A year after its president Jair Bolsonaro wrote Covid-19 off as ‘just a little flu’, Brazil is logging record daily death figures while its healthcare system faces collapse. Maria Lombardini in Rio de Janeiro tells Colm McGuirk about the last year
Photo by Matheus Bertelli via Pexels.com

Brazil is in the grip of a devastating second wave of the coronavirus, that claimed around 66,500 lives in March. 

Watch Colm McGuirk talk to Maria Lombardini about Covid-19 in Brazil

With the native, more transmissible P1 strain pervasive, Brazil’s health system is at breaking point, with many intensive care units across the country unable to cope with patient numbers.

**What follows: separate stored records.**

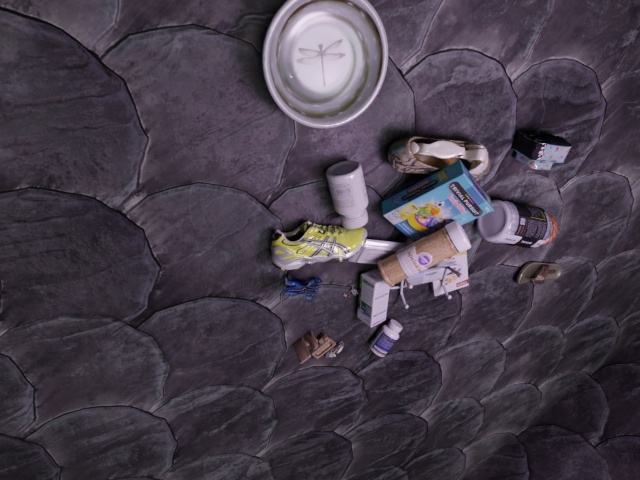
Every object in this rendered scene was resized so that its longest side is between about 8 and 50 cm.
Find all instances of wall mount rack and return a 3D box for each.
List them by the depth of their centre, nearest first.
[{"bbox_3d":[0.458,0.182,1.761,0.350,0.130,0.304,-13,150,1],"label":"wall mount rack"}]

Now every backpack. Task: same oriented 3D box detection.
[{"bbox_3d":[0.906,-0.367,1.687,0.189,0.166,0.144,-6,121,-14],"label":"backpack"}]

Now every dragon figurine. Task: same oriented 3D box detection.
[{"bbox_3d":[-0.070,0.186,1.599,0.144,0.289,0.085,9,95,6],"label":"dragon figurine"}]

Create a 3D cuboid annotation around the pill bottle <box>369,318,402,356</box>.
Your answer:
[{"bbox_3d":[0.314,0.460,1.963,0.094,0.094,0.169,24,107,-30],"label":"pill bottle"}]

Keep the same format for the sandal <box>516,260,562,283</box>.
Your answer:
[{"bbox_3d":[1.138,0.171,2.124,0.303,0.086,0.120,-5,119,-18],"label":"sandal"}]

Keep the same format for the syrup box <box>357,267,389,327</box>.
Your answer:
[{"bbox_3d":[0.231,0.251,1.802,0.096,0.093,0.236,-18,124,-33],"label":"syrup box"}]

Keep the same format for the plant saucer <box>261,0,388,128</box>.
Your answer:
[{"bbox_3d":[0.010,-0.556,1.274,0.401,0.100,0.400,-9,120,-16],"label":"plant saucer"}]

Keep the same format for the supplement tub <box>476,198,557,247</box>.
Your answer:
[{"bbox_3d":[0.872,-0.069,1.824,0.316,0.193,0.193,7,115,-24],"label":"supplement tub"}]

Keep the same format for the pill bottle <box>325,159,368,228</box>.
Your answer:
[{"bbox_3d":[0.105,-0.164,1.512,0.131,0.131,0.229,-22,123,-9],"label":"pill bottle"}]

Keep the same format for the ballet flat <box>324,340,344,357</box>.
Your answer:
[{"bbox_3d":[0.067,0.520,1.934,0.114,0.041,0.041,-43,124,6],"label":"ballet flat"}]

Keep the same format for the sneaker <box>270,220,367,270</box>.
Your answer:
[{"bbox_3d":[0.000,0.000,1.556,0.385,0.145,0.147,-15,122,-15],"label":"sneaker"}]

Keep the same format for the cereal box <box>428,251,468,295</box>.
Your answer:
[{"bbox_3d":[0.588,0.135,1.901,0.173,0.047,0.240,-18,124,0],"label":"cereal box"}]

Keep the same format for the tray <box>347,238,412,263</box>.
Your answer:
[{"bbox_3d":[0.262,0.060,1.719,0.271,0.030,0.145,6,136,-20],"label":"tray"}]

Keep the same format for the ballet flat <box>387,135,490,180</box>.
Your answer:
[{"bbox_3d":[0.491,-0.309,1.538,0.483,0.182,0.164,1,85,-21],"label":"ballet flat"}]

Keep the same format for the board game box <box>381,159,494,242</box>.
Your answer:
[{"bbox_3d":[0.447,-0.132,1.593,0.336,0.079,0.254,-28,134,32],"label":"board game box"}]

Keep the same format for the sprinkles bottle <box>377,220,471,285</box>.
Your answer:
[{"bbox_3d":[0.405,0.056,1.632,0.355,0.121,0.121,-30,127,21],"label":"sprinkles bottle"}]

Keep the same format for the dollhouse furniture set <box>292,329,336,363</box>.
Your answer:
[{"bbox_3d":[-0.010,0.494,1.838,0.144,0.123,0.151,-39,124,3],"label":"dollhouse furniture set"}]

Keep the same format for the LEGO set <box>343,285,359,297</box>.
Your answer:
[{"bbox_3d":[0.142,0.231,1.810,0.083,0.023,0.054,-38,124,2],"label":"LEGO set"}]

Brazil, the sixth-most-populated country in the world with around 211 million people, is now second only to the USA in total Covid-19 fatalities.

Brazilian president Jair Bolsonaro’s response to the pandemic has come under much fire. The ex-army captain, who has reminisced fondly about Brazil’s violently oppressive military dictatorship of 1964-85, was elected in 2018 on a promise of law and order in a country dogged by crime – in spite of a catalogue of misogynistic, racist and homophobic public utterances.

Bolsonaro has left it to state and city governments in Brazil to implement lockdowns, and refused to do so at a national level. Instead, he has downplayed the severity of the virus, attended large gatherings, and promoted and purchased unproven treatments for Covid-19. 

The president won support last year after signing off on generous cash handouts that left many of Brazil’s most impoverished better off than before the pandemic, but the trauma of this second wave has seen his approval rating sink to an all-time low in recent weeks.

In keeping with global patterns, a recently published study by The Lancet concluded that “existing socioeconomic inequalities [in Brazil], rather than age, health status, and other risk factors for COVID-19, have affected the course of the epidemic, with a disproportionate adverse burden on states and municipalities with high socioeconomic vulnerability.”

As mutating variants continue to ravage and vaccination programmes falter, Brazil’s crisis looks set to rage on.